There can be any number of runtimes, although probably using more than a couple of runtimes is a rare use case.

Here's an example of a pod that needs to run on virtlet.cloud runtime:

apiVersion: v1
kind: Pod
metadata:
  name: cirros-vm
  annotations:
    kubernetes.io/target-runtime: virtlet.cloud
    affinity:
      nodeAffinity:
        requiredDuringSchedulingIgnoredDuringExecution:
          nodeSelectorTerms:
          - matchExpressions:
            - key: extraRuntime
              operator: In
              values:
              - virtlet
spec:
  containers:
    - name: cirros-vm
      image: virtlet.cloud/image-service/cirros

First of all, there's kubernetes.io/target-runtime: virtlet.cloud annotation that directs RunPodSandbox requests to virtlet.cloud runtime.

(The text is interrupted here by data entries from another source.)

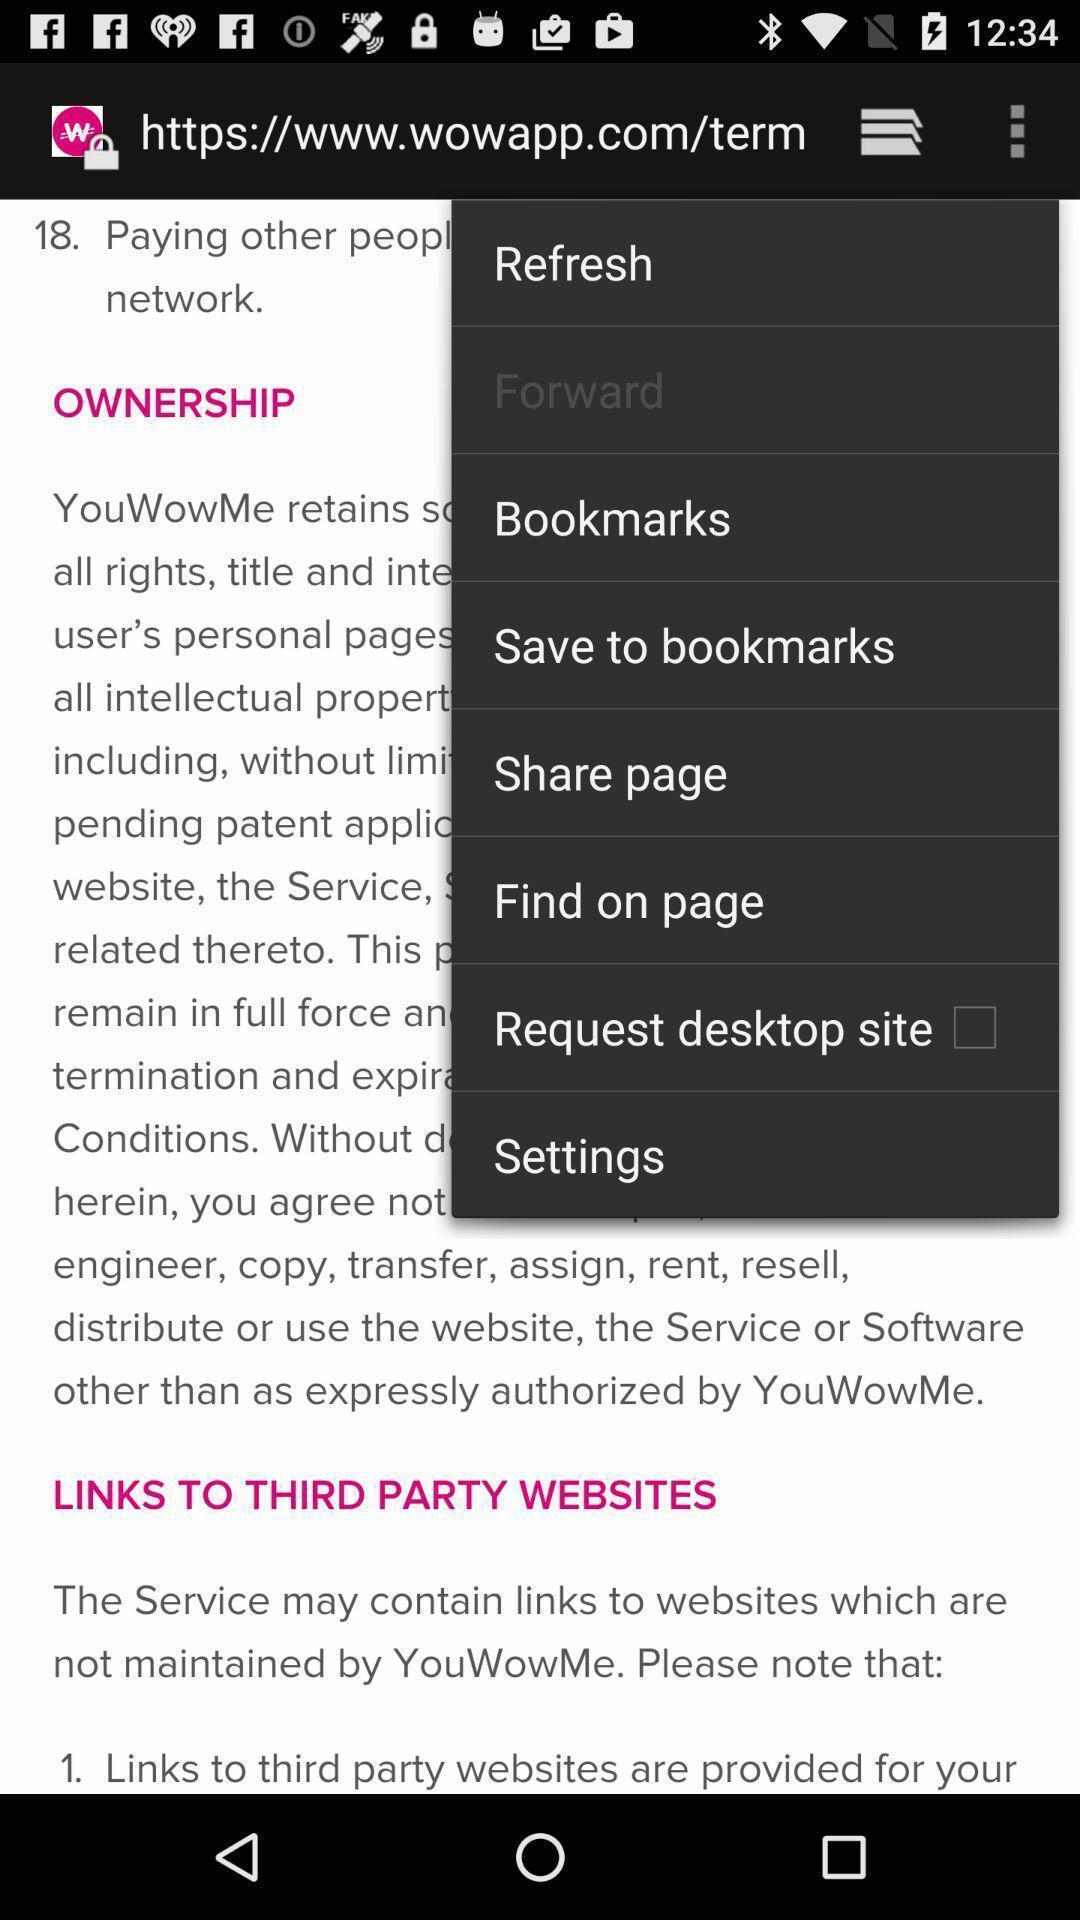Provide a textual representation of this image. Page showing the options in more menu. 
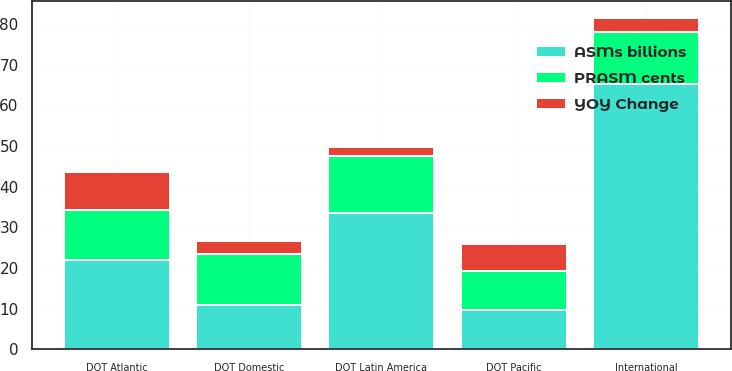Convert chart to OTSL. <chart><loc_0><loc_0><loc_500><loc_500><stacked_bar_chart><ecel><fcel>DOT Domestic<fcel>International<fcel>DOT Latin America<fcel>DOT Atlantic<fcel>DOT Pacific<nl><fcel>PRASM cents<fcel>12.55<fcel>12.86<fcel>14.16<fcel>12.23<fcel>9.76<nl><fcel>YOY Change<fcel>3.1<fcel>3.5<fcel>2<fcel>9.4<fcel>6.6<nl><fcel>ASMs billions<fcel>10.995<fcel>65.2<fcel>33.5<fcel>22.1<fcel>9.6<nl></chart> 
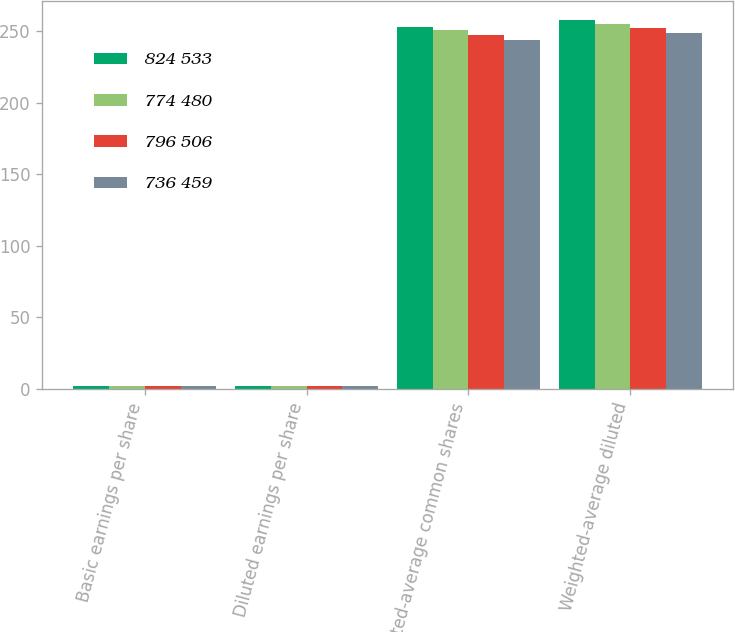Convert chart. <chart><loc_0><loc_0><loc_500><loc_500><stacked_bar_chart><ecel><fcel>Basic earnings per share<fcel>Diluted earnings per share<fcel>Weighted-average common shares<fcel>Weighted-average diluted<nl><fcel>824 533<fcel>2<fcel>1.96<fcel>253.1<fcel>258<nl><fcel>774 480<fcel>1.91<fcel>1.88<fcel>250.8<fcel>254.7<nl><fcel>796 506<fcel>1.86<fcel>1.82<fcel>247.2<fcel>252.1<nl><fcel>736 459<fcel>2.19<fcel>2.14<fcel>243.4<fcel>248.9<nl></chart> 
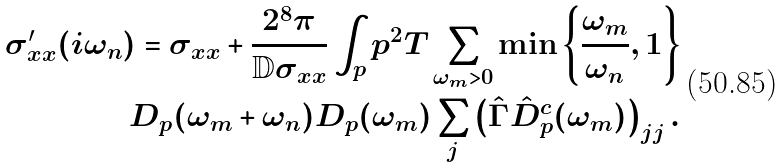Convert formula to latex. <formula><loc_0><loc_0><loc_500><loc_500>\sigma ^ { \prime } _ { x x } ( i \omega _ { n } ) = \sigma _ { x x } + \frac { 2 ^ { 8 } \pi } { \mathbb { D } \sigma _ { x x } } \int _ { p } p ^ { 2 } T \sum _ { \omega _ { m } > 0 } \min \left \{ \frac { \omega _ { m } } { \omega _ { n } } , 1 \right \} \\ D _ { p } ( \omega _ { m } + \omega _ { n } ) D _ { p } ( \omega _ { m } ) \sum _ { j } \left ( \hat { \Gamma } \hat { D } ^ { c } _ { p } ( \omega _ { m } ) \right ) _ { j j } .</formula>

There's also nodeAffinity spec that makes the pod run only on the nodes that have extraRuntime=virtlet label. This is not required by CRI proxy mechanism itself and is related to deployment mechanism being used.

Another important part is virtlet.cloud/image-service/cirros image name. It means that the image is handled by virtlet.cloud runtime and actual image name passed to the runtime is image-service/cirros. In case of virtlet this means downloading QCOW2 image from http://image-service/cirros.

In order to distinguish between runtimes during requests that don't include image name or pod annotations such as RemovePodSandbox, CRI proxy adds prefixes to pod and container ids returned by the runtimes.

Fixing log throttling

If you're using log level 3 or higher, journald may throttle CRI Proxy logs. If this is the case, you'll see some delays when checking CRI Proxy logs with commands like journalctl -xef -u criproxy. In order to work around this issue, you need to disable journald's rate limiter. To do so, add the following line to /etc/systemd/journald.conf (if it already has RateLimitInterval=... line, you just need to change the value to 0)

RateLimitInterval=0

And then restart journald:

systemctl restart systemd-journald

See this post for more info on the issue.